If you're running Claude Code with hardcoded MCP tool definitions, you're probably torching 50,000+ tokens before your user finishes their first keystroke. A developer pattern called discovery-driven architecture is changing that calculation—swapping static model lists for dynamic queries like nvidia_list_foundation_models, and shaving 40% off token consumption in the process.
The Problem With Static Schemas
Traditional MCP setup means dumping every possible model, endpoint, and configuration into your system prompt. If you've got 50 tool definitions with full JSON schemas, you're looking at roughly 10-15k tokens just for infrastructure—and that's before accounting for KV cache overhead multiplying everything by four. It's the equivalent of pre-loading an entire phone book when you only need one number. Hardcoded prompts also break silently when providers rename endpoints or deprecate features, creating debugging nightmares that surface at the worst possible times.
Discovery-Driven Architecture in Action
The fix isn't theoretical—it's shipping now. The NVIDIA API Catalog MCP implements discovery-driven patterns with tools like nvidia_list_foundation_models, which lets your agent query what's actually available right now rather than trusting stale documentation. Instead of telling Claude Code 'you have access to Llama3, Nemotron, and 47 other models,' you give it one function call: ask what's live. The agent receives a real-time dump of accessible paths and adjusts subsequent calls based on actual availability. No more token waste on inactive models, no more silent failures when infrastructure changes underneath you.

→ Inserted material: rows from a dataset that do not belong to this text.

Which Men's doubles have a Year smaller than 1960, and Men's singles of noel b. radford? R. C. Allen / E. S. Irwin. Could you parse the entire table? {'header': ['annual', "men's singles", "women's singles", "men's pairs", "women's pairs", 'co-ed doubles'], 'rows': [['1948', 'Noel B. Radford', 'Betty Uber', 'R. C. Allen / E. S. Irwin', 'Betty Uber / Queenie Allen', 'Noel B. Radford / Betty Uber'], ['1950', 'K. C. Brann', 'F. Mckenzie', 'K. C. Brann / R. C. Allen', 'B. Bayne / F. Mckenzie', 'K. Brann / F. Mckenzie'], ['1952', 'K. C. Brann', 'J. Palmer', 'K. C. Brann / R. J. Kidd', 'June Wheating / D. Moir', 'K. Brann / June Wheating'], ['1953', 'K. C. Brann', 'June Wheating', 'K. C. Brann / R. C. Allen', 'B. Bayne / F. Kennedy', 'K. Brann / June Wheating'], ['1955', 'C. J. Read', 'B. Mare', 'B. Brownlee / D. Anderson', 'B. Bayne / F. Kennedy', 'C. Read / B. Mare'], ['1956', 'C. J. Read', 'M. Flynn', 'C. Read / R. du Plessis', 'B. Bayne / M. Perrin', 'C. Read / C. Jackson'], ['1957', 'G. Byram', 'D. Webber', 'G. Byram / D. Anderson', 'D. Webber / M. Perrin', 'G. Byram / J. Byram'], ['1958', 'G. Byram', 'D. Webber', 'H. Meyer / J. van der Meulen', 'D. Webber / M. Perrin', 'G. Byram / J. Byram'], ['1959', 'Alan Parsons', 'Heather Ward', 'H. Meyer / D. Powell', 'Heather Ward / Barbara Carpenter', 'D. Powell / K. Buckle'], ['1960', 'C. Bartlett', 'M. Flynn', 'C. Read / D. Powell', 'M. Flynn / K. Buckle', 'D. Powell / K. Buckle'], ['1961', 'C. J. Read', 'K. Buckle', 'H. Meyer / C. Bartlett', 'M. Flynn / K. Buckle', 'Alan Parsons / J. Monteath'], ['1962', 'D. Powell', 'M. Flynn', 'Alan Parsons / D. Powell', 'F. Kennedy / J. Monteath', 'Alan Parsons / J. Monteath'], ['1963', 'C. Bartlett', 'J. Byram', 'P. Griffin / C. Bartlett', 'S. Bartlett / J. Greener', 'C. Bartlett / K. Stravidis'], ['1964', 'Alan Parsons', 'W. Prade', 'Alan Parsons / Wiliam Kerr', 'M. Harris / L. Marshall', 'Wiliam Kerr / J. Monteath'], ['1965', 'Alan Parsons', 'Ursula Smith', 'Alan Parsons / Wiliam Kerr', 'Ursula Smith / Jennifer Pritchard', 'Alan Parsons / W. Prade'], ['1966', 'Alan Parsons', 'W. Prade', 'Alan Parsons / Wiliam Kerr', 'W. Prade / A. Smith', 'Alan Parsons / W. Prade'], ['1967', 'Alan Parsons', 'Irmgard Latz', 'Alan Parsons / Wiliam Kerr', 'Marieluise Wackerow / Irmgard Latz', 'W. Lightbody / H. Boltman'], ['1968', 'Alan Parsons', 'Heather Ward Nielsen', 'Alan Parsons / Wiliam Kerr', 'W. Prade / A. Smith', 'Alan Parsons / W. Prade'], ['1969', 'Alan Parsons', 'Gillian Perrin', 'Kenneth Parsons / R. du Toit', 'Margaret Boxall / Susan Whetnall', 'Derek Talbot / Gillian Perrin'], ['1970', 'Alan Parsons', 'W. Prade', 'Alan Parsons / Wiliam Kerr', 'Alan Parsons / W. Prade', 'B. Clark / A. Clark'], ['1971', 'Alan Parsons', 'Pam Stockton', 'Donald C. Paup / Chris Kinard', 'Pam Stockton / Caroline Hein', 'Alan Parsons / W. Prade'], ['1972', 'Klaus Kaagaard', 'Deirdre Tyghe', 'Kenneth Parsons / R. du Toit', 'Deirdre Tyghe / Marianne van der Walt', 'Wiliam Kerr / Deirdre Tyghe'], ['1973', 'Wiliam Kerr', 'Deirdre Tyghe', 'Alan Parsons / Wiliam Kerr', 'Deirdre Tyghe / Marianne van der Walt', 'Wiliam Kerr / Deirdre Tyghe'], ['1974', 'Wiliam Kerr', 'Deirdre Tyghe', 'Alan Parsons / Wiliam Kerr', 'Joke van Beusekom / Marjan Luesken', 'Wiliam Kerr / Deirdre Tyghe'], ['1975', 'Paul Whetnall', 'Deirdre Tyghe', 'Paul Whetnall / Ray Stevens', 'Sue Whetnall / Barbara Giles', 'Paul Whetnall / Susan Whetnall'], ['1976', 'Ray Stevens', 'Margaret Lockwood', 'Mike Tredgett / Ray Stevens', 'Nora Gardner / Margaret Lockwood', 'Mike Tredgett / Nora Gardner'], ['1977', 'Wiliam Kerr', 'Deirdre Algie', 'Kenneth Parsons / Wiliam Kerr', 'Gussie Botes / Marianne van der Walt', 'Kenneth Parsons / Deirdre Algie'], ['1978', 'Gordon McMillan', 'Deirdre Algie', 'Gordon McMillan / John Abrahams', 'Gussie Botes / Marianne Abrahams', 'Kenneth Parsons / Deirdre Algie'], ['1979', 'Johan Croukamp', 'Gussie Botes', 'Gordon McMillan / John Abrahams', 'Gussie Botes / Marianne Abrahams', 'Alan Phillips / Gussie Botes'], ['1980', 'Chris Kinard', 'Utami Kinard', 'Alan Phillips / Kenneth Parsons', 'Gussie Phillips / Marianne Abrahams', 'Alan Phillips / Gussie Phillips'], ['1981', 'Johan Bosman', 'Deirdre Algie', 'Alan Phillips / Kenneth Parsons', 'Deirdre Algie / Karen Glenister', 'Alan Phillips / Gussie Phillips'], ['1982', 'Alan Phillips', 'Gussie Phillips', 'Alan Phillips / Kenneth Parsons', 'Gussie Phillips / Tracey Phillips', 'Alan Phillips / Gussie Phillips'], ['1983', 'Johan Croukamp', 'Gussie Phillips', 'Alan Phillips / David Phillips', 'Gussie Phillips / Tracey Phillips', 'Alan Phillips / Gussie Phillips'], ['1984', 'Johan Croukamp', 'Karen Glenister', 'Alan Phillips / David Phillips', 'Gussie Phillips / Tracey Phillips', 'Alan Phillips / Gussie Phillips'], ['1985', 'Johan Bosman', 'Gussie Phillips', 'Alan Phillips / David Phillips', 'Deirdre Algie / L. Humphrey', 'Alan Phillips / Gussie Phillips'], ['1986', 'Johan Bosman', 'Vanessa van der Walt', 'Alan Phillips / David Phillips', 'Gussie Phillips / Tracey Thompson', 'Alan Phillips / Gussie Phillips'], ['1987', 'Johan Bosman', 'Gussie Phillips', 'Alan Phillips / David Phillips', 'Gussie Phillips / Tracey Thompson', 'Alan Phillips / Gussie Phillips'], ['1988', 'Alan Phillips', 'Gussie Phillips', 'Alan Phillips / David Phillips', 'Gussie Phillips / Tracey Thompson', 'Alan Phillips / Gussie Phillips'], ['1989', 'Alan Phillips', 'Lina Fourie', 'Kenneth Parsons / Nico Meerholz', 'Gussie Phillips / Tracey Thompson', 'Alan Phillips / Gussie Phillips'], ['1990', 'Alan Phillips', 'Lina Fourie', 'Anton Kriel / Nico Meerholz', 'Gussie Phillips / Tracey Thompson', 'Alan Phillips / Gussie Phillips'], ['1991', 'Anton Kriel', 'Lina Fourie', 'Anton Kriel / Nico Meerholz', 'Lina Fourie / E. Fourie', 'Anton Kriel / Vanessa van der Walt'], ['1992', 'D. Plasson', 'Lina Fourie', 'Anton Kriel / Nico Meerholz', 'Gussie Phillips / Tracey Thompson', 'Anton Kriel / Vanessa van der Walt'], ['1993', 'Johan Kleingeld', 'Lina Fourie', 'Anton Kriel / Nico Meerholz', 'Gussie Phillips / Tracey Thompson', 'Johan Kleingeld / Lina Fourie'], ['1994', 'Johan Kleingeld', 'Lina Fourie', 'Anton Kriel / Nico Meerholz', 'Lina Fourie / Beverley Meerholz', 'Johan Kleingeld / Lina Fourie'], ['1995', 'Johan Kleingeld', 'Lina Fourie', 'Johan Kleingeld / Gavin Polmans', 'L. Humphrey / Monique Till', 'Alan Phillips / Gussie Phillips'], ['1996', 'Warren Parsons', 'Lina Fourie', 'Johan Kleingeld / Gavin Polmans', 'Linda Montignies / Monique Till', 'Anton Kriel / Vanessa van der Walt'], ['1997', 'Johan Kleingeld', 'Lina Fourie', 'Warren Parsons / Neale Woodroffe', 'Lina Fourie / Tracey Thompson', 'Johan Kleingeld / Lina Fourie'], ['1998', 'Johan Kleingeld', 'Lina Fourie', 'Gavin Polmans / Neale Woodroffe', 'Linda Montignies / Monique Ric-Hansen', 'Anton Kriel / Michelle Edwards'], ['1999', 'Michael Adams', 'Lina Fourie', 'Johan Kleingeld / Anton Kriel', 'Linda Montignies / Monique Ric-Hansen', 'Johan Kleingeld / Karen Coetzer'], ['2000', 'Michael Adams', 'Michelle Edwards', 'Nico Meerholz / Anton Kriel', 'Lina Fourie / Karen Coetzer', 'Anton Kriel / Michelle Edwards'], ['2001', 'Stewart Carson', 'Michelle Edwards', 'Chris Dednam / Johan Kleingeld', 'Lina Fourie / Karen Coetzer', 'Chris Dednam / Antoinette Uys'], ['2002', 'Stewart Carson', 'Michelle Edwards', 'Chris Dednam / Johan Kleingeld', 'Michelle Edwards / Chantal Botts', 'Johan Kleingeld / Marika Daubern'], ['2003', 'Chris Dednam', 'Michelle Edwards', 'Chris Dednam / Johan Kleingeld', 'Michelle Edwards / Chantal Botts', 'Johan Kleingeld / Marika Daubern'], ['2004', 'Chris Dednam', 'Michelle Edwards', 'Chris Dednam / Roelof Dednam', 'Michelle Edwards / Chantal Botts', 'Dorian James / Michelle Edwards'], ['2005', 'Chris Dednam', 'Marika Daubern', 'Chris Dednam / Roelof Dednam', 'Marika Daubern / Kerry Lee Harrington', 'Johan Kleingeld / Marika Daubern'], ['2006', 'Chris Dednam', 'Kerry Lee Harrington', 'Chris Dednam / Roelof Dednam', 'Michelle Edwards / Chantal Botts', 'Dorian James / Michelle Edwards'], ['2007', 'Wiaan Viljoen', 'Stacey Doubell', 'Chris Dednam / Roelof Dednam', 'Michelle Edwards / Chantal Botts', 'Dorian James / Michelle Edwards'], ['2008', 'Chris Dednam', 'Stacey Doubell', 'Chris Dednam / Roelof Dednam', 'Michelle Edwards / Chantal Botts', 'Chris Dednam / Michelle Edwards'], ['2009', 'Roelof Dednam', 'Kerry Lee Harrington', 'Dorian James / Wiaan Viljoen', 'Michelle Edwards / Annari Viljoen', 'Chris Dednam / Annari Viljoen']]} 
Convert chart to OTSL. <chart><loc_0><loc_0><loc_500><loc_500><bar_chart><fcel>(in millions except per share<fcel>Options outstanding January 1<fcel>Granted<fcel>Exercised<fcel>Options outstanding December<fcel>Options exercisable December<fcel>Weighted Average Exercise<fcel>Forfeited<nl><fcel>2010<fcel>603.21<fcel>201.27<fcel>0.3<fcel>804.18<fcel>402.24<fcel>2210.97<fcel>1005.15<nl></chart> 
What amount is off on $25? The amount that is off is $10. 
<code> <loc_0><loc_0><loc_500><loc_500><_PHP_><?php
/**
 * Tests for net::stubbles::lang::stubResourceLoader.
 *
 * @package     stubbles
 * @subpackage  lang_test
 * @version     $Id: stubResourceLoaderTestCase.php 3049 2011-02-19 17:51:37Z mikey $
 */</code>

Proactive Quota Management
Beyond discovery, the NVIDIA Catalog MCP includes nvidia_check_token_quota—enabling agents to check their own constraints before firing off heavy inference tasks. If quota runs low mid-session, the agent can autonomously switch to a smaller model or pause and alert you. This moves governance from orchestrator code into the agent itself, which is exactly where it should live for production workloads.
Key Takeaways
- Hardcoded 50-model definitions consume tokens even for inactive models in your region
- Discovery-driven tools like nvidia_list_foundation_models query availability at runtime
- Token reduction starts at 40% on startup alone—before any real work begins
- Proactive quota checking with nvidia_check_token_quota prevents mid-run failures
Getting Started
Setup is straightforward. Install via CLI: 'claude mcp add nvidia-catalog --url https://vinkius.com/mcp/nvidia-api-catalog' or add to claude.json with your NVIDIA_API_KEY. Then update CLAUDE.md to replace static model lists with a discovery-first directive: call nvidia_list_foundation_models before any inference, then select the best available option. The MCP ecosystem has crossed 13,000 servers, and X launched its official MCP server in April 2025—signaling that dynamic endpoints are becoming table stakes for production agents.
The Bottom Line
Static MCPs belong in demos. For anything shipping to production, discovery-driven architecture isn't optional—it's the only sane approach when you're paying per token. Hardcoding is a liability that compounds as your infrastructure evolves. Give your agent the tools to ask what's actually there, and let it figure out the landscape at runtime.